# Given records
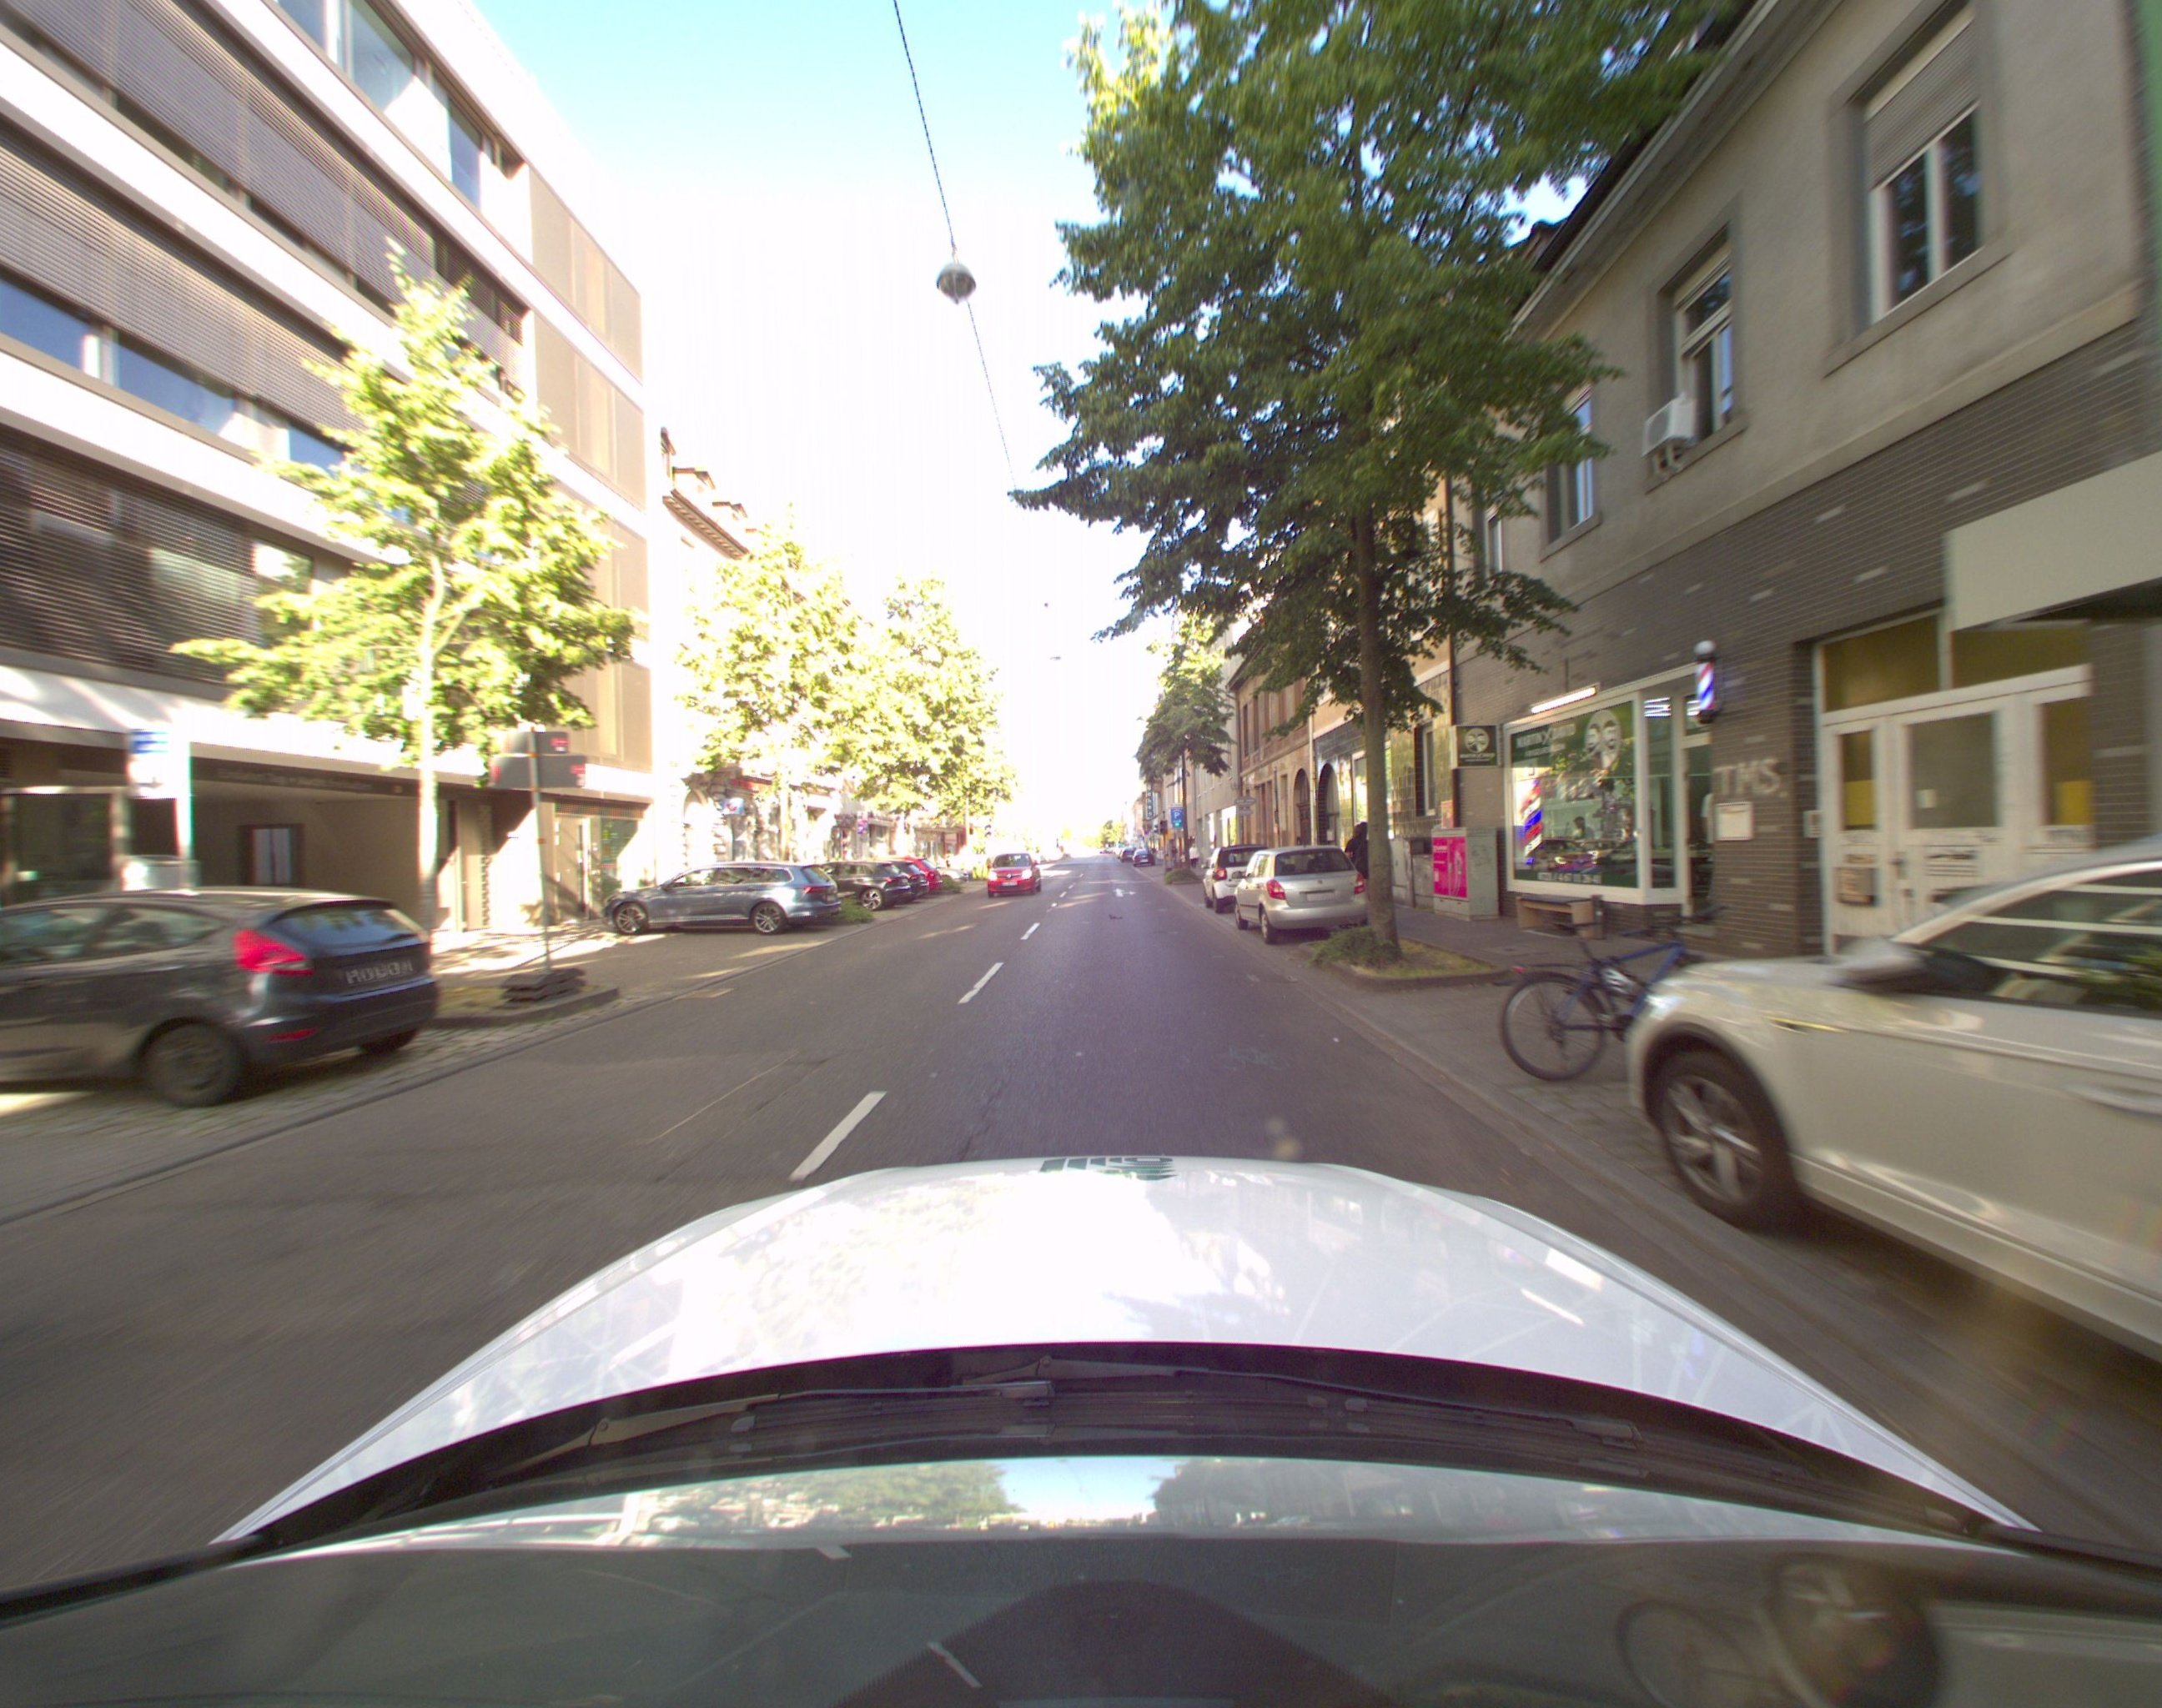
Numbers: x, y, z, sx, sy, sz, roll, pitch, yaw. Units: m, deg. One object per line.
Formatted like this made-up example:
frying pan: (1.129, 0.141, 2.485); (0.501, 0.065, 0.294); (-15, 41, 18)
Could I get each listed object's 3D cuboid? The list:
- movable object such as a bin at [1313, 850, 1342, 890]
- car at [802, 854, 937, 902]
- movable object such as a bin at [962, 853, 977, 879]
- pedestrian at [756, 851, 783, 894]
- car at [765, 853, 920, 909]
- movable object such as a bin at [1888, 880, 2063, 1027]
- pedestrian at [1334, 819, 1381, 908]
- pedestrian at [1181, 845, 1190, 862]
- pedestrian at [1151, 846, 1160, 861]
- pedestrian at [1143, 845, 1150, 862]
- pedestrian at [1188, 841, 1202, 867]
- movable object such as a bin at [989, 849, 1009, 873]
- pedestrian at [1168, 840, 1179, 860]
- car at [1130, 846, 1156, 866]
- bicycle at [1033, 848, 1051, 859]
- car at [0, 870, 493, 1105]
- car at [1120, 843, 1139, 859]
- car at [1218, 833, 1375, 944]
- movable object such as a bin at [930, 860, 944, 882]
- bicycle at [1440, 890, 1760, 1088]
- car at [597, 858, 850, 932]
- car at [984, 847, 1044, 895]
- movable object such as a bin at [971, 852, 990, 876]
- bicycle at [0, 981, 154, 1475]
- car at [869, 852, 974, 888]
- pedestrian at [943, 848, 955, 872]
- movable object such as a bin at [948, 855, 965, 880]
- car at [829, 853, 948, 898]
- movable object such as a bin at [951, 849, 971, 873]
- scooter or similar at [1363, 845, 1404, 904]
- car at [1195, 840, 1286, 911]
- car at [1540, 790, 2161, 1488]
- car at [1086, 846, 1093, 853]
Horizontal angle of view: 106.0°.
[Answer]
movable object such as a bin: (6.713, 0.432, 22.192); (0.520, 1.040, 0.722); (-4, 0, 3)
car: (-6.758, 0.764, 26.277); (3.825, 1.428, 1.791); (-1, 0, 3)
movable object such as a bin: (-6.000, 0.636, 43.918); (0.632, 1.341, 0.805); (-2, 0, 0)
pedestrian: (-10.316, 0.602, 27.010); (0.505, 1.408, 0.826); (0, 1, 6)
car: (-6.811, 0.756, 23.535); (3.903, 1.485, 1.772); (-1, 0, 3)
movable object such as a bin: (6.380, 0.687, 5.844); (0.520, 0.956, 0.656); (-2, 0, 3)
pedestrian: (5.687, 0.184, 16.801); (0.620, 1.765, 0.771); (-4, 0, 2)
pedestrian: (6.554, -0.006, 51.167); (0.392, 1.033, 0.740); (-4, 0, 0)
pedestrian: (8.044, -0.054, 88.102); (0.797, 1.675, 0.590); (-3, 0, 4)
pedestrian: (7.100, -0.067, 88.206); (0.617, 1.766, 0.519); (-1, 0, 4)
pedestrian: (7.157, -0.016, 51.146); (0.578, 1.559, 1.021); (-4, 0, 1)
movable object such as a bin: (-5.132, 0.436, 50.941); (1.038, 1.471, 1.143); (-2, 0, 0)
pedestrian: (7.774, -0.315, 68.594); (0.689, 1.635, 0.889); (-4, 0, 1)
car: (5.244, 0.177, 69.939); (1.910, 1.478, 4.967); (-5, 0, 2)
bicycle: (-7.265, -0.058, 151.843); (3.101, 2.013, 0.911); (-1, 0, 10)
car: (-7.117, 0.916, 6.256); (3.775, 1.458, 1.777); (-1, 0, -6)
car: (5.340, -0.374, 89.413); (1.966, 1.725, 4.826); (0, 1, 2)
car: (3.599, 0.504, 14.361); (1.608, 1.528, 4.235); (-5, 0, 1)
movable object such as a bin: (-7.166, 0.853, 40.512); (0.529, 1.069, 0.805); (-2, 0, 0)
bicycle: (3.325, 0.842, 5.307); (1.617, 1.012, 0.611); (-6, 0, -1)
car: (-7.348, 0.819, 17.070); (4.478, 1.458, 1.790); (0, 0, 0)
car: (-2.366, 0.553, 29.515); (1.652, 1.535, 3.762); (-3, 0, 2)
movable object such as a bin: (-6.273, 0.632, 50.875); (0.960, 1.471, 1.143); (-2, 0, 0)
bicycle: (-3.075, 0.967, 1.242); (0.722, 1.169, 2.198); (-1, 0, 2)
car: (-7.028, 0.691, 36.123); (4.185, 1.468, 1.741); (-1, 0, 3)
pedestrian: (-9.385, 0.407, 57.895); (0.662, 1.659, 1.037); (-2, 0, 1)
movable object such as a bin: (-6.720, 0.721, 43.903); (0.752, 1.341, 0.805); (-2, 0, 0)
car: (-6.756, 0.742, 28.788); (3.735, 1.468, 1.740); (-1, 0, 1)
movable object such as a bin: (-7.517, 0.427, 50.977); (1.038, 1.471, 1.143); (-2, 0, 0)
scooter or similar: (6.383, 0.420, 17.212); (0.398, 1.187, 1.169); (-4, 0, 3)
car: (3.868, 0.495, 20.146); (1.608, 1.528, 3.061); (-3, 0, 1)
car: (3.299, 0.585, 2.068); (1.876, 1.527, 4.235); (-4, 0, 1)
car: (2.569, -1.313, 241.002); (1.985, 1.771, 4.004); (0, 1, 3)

# Instructions for the task
Using the data above, transcribe the lines that run from the line with "- car at [984, 847, 1044, 895]" to the line with "- car at [829, 853, 948, 898]", both ends kept, and output nothing else.

# Result of the exercise
- car at [984, 847, 1044, 895]
- movable object such as a bin at [971, 852, 990, 876]
- bicycle at [0, 981, 154, 1475]
- car at [869, 852, 974, 888]
- pedestrian at [943, 848, 955, 872]
- movable object such as a bin at [948, 855, 965, 880]
- car at [829, 853, 948, 898]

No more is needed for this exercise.